On Wed, Dec 04, 2024 at 11:51 PM, Eli Zaretskii <eliz@gnu.org> wrote:

Once again, please show some simple Lisp to reproduce the phenomena you are observing. It is hard to discuss these highly technical issues on this abstract level.


Happy to. Sorry, I didn't think it was necessary given Eshel's providing of the recipe. It wasn't lisp though, so here's the lisp version from emacs -Q:

  1. (setq header-line-format "Some Header")
  2. (face-remap-set-base 'header-line 'highlight)
  3. (set-face-attribute 'default nil :height (+ (face-attribute 'default :height) 10))
  4. (switch-to-buffer-other-window "new")
  5. From within new buffer/window: (set-face-attribute 'default nil :height (+ (face-attribute 'default :height) 10))
You'll see after step 3 the header line switches to the highlight face.
After step 5, the header line in the original buffer switches away from the highlight face, which is unexpected.

If you then switch back to the original buffer and change the font size again, the highlight will display again.

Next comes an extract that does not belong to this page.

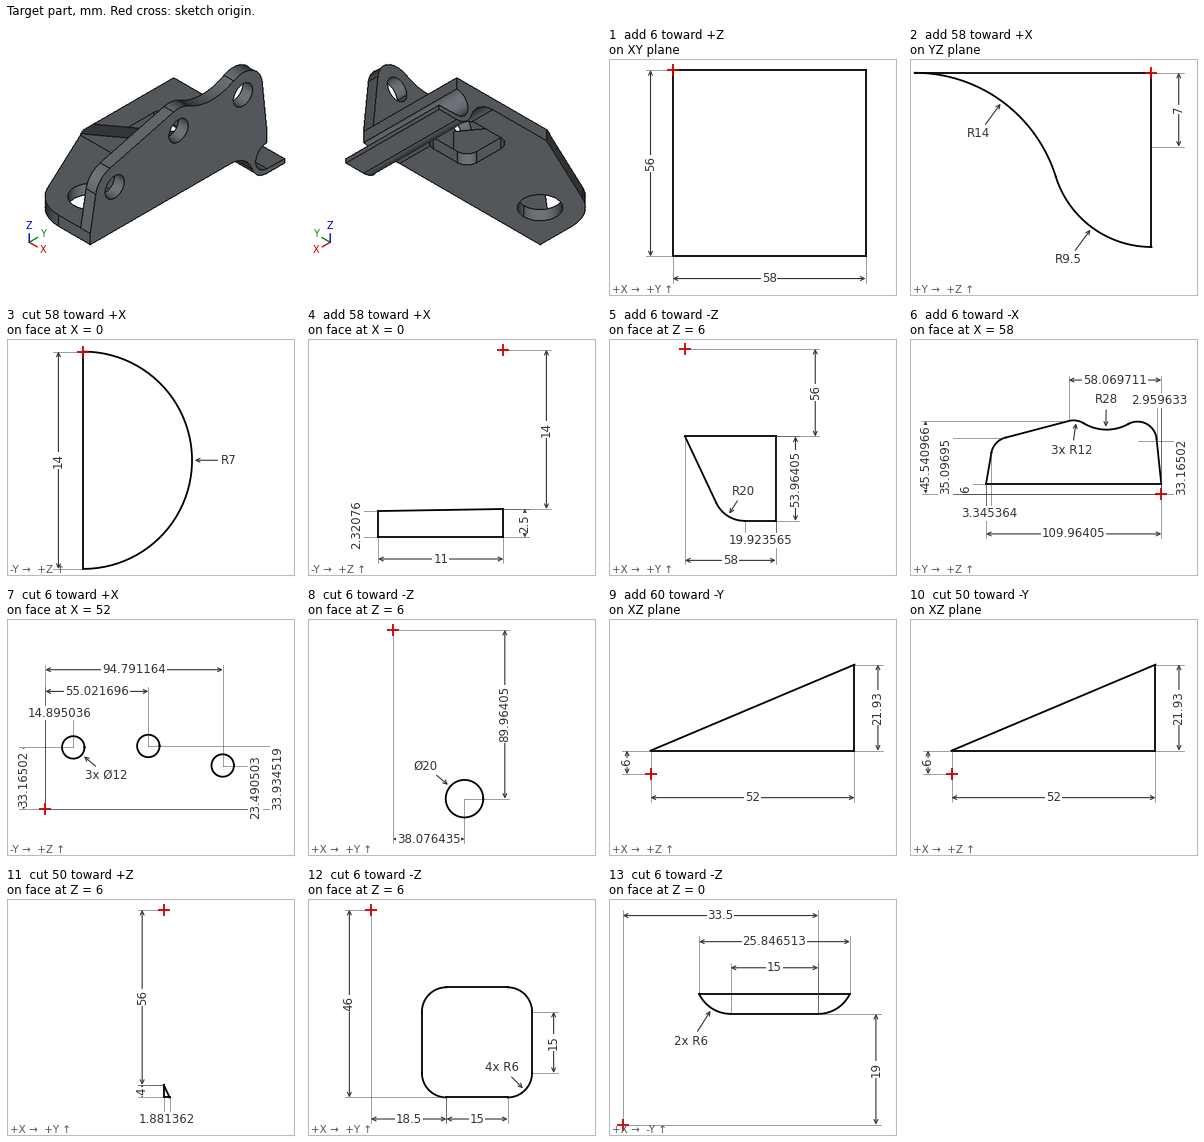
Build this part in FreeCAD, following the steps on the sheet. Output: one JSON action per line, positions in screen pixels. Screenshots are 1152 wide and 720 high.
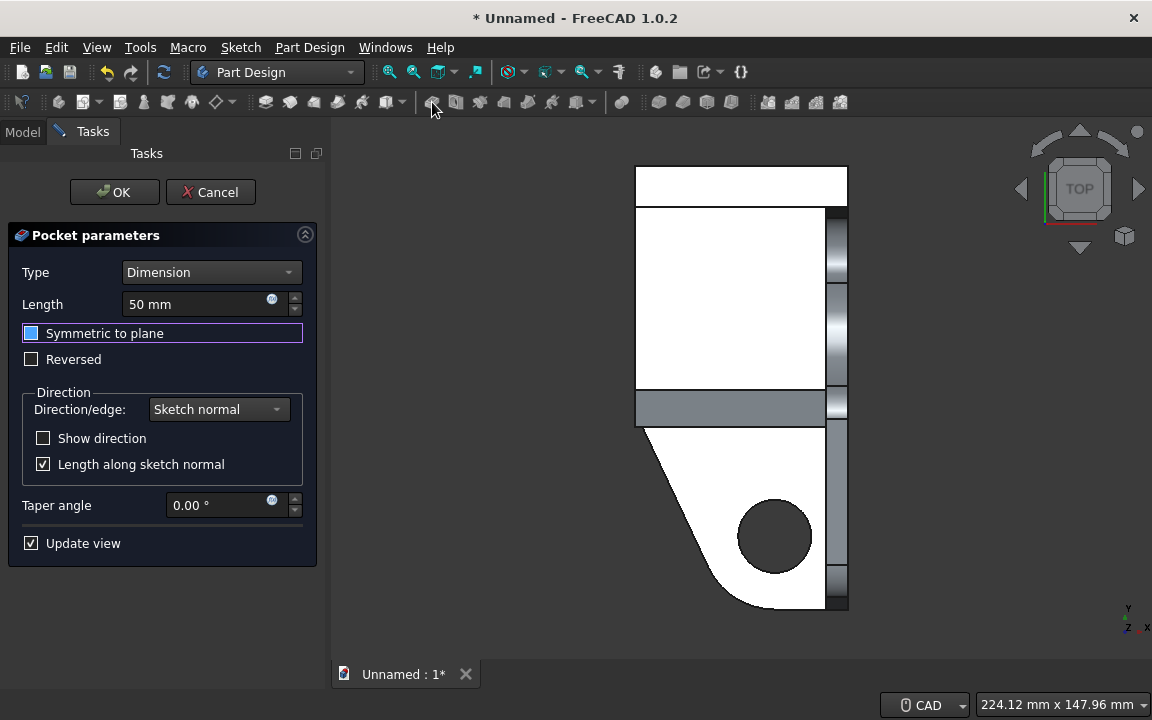
{"action": "left_click", "coordinate": [30, 359]}

Switching back to the new buffer and changing the font size causes it to disappear again, so I was mistaken about it only happening once. It just so happens that a full redisplay only triggers once for me in my normal usage when I have a window without the header line override specified.

On the very basic level of the display code, when a display iterator is initialized, the window for whose display the iterator is used must be given to init_iterator as its argument, and the buffer of that window must be temporarily made to be the current buffer. So this cannot be the problem in this case. If init_iterator would be passed an incorrect window, we'd have much more grave display problems than this minor issue.


Understood, but that's not what I was attempting to describe. I was trying to say that the window passed to init_interator IS the correct window. And that that is used to resolve the remap for the inactive/active faces. However, it does not appear that that same window is used to resolve remapping of faces that are inherited by the inactive/active faces.

From what I can tell, this only applies to header-line-active and header-line-inactive (and their mode line equivalents) and it does not apply to other faces in the header line that may inherit from remapped faces, so that's good.

Also, I understand what you're saying that remapping mode-line was decided in Emacs 29 to not be supported and the conclusion may be the same for header-line. If that's what it needs to be, that's fine. As Eshel said, it will be a breaking change because people have relied on this behavior.